▶ What needs to be done: Search the entries below for "percussion" and copy each matching line.

[[ Source information open ]]

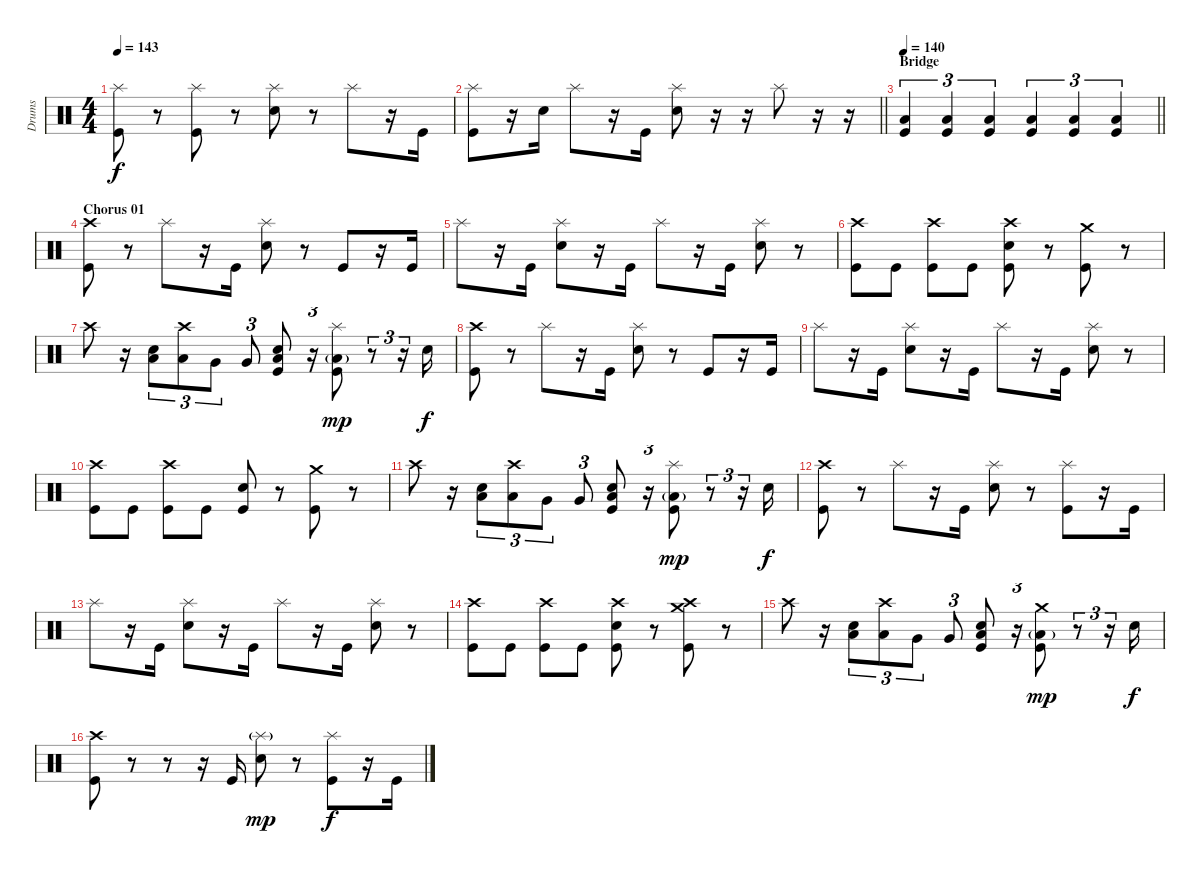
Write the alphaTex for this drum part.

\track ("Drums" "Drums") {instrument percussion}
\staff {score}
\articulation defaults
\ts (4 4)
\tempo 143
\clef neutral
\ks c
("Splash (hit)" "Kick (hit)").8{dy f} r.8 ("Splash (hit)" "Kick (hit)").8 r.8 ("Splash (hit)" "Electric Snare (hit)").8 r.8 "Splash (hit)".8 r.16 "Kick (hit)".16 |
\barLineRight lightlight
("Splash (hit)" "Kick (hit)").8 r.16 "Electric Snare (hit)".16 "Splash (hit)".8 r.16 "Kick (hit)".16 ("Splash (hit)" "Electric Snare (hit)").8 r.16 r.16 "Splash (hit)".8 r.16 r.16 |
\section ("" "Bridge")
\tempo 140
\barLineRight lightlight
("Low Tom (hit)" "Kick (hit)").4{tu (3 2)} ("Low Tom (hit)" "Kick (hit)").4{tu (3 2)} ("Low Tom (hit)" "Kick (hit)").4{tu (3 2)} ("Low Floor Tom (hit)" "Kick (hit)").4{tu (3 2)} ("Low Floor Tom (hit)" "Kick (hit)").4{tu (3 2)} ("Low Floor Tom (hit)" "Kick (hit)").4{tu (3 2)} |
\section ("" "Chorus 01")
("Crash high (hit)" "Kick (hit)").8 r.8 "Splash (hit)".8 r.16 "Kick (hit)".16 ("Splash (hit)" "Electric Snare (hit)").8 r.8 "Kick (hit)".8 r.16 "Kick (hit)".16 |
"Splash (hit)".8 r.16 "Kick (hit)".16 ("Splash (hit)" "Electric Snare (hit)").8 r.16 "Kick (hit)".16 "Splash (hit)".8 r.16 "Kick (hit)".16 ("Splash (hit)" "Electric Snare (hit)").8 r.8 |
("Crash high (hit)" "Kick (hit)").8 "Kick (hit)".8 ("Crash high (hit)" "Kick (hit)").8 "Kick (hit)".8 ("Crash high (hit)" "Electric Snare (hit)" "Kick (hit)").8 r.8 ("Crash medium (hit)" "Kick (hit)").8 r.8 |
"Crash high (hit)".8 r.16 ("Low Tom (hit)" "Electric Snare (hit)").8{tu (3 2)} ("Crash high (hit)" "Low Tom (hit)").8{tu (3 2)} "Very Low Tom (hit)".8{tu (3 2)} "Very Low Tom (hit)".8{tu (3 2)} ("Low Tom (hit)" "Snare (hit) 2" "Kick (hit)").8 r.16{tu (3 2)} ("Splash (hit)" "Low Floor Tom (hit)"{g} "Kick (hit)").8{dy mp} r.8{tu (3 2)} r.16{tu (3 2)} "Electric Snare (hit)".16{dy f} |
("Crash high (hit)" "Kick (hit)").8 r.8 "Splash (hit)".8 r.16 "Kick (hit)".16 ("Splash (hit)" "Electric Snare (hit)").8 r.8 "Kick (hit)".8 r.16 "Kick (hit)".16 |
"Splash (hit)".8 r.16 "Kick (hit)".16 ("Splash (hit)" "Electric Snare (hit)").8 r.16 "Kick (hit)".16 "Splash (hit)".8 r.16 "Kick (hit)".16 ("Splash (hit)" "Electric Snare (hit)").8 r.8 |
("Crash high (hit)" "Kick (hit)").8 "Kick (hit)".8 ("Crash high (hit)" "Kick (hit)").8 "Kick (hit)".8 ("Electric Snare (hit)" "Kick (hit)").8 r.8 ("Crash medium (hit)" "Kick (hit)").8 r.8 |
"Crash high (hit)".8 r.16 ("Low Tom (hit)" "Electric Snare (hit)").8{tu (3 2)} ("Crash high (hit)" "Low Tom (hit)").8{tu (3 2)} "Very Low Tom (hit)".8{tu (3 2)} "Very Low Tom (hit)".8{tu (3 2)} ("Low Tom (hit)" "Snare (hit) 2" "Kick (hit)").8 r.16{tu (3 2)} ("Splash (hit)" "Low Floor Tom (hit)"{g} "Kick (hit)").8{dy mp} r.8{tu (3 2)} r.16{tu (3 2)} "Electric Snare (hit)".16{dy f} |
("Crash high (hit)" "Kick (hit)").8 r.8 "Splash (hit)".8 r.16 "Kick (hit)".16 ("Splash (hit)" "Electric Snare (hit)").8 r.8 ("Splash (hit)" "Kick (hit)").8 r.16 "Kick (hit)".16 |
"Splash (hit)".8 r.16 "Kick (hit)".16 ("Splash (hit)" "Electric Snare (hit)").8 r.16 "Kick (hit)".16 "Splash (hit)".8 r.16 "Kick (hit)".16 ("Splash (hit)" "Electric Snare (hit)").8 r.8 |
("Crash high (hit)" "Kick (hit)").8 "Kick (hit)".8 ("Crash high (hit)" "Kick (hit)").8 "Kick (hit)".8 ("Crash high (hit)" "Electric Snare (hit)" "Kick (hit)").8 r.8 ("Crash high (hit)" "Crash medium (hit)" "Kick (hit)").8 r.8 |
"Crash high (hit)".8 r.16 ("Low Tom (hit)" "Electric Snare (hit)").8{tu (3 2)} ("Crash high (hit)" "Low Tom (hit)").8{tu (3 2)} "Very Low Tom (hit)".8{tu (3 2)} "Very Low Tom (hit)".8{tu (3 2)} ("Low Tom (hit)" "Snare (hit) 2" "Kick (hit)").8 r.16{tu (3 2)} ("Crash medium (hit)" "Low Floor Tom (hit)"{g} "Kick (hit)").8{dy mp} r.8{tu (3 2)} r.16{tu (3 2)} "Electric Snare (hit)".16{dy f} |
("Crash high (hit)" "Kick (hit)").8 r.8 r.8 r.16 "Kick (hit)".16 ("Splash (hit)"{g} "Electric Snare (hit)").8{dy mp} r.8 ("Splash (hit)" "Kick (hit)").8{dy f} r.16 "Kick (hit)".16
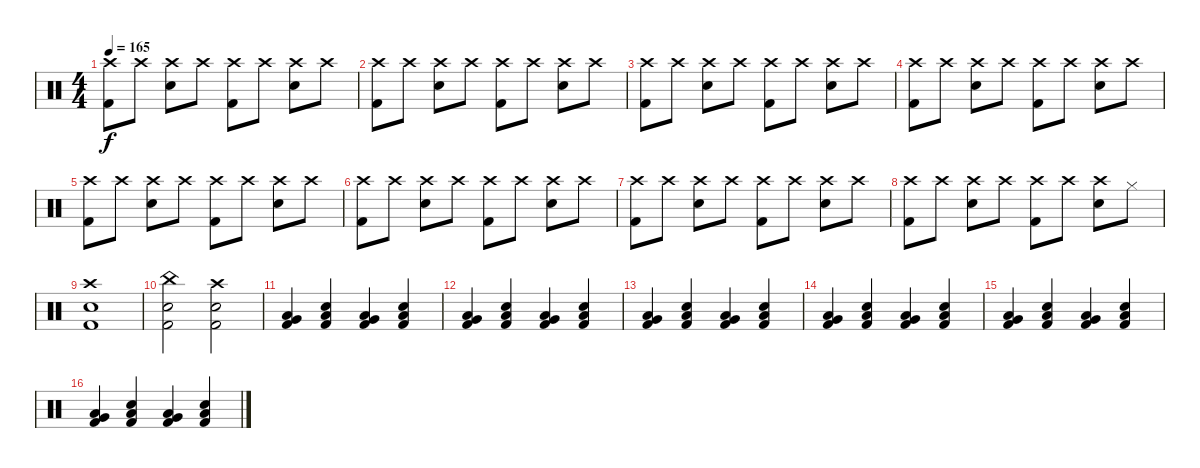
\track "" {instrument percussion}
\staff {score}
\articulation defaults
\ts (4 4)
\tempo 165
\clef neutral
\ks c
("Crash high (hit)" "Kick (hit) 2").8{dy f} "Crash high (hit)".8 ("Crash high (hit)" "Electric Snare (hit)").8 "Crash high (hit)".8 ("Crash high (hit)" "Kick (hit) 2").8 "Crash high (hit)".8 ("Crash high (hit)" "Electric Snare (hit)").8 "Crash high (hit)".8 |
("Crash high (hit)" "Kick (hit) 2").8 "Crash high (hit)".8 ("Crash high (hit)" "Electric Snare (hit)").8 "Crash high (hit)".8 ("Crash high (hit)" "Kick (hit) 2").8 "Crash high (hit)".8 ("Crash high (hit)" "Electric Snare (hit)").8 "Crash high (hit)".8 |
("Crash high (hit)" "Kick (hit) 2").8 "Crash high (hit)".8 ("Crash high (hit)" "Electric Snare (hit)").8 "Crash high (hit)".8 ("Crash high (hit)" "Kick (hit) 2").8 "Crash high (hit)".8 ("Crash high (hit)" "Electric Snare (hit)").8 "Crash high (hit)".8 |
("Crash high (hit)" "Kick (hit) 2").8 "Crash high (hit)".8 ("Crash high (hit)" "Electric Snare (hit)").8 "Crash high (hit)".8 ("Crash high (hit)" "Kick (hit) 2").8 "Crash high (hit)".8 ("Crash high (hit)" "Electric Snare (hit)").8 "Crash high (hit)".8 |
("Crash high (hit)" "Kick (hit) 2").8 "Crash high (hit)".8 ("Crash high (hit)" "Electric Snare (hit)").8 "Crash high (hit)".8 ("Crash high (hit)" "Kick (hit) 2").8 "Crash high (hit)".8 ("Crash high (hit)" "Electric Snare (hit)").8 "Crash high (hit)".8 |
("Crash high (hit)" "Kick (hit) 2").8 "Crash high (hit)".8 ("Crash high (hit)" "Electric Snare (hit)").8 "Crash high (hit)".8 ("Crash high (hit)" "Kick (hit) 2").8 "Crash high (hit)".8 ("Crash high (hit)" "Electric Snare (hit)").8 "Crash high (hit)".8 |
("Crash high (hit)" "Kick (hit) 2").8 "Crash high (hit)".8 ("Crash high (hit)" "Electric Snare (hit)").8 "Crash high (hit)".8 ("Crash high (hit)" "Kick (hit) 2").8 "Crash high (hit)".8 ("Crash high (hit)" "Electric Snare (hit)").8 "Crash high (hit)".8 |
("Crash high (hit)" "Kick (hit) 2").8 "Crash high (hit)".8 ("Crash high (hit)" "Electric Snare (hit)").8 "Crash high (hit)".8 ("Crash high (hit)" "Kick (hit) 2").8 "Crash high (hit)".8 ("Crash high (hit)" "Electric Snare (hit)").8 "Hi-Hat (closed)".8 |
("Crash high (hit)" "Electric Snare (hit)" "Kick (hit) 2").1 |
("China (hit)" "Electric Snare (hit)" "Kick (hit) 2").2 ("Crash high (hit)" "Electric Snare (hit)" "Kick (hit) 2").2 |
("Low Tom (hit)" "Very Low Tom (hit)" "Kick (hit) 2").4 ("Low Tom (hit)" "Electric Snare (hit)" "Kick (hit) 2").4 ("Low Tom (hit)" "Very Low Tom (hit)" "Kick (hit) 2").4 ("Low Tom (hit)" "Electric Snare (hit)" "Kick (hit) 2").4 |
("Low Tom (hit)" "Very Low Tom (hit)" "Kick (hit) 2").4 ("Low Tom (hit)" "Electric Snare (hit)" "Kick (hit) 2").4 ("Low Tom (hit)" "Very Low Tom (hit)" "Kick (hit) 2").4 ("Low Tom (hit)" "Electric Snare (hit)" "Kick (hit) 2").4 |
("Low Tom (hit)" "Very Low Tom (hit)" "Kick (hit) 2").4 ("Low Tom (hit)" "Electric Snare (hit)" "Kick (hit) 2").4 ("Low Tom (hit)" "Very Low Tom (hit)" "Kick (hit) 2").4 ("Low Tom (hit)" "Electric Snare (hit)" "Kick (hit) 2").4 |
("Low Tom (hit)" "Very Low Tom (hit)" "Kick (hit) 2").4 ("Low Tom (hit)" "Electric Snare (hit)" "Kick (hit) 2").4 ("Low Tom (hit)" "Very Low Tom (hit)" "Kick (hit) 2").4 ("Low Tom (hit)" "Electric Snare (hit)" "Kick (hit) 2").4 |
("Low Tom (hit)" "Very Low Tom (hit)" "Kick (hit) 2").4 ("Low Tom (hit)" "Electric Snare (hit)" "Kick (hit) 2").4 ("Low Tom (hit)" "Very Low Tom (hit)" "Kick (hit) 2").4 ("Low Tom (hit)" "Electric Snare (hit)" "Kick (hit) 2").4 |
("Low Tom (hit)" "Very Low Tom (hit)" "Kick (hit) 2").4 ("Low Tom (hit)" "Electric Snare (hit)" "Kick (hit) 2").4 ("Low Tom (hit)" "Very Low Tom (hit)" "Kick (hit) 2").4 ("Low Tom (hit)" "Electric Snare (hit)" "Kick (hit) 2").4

[[ Source information closed ]]

▶ Answer section:
\track ("Drums" "Drums") {instrument percussion}
\track "" {instrument percussion}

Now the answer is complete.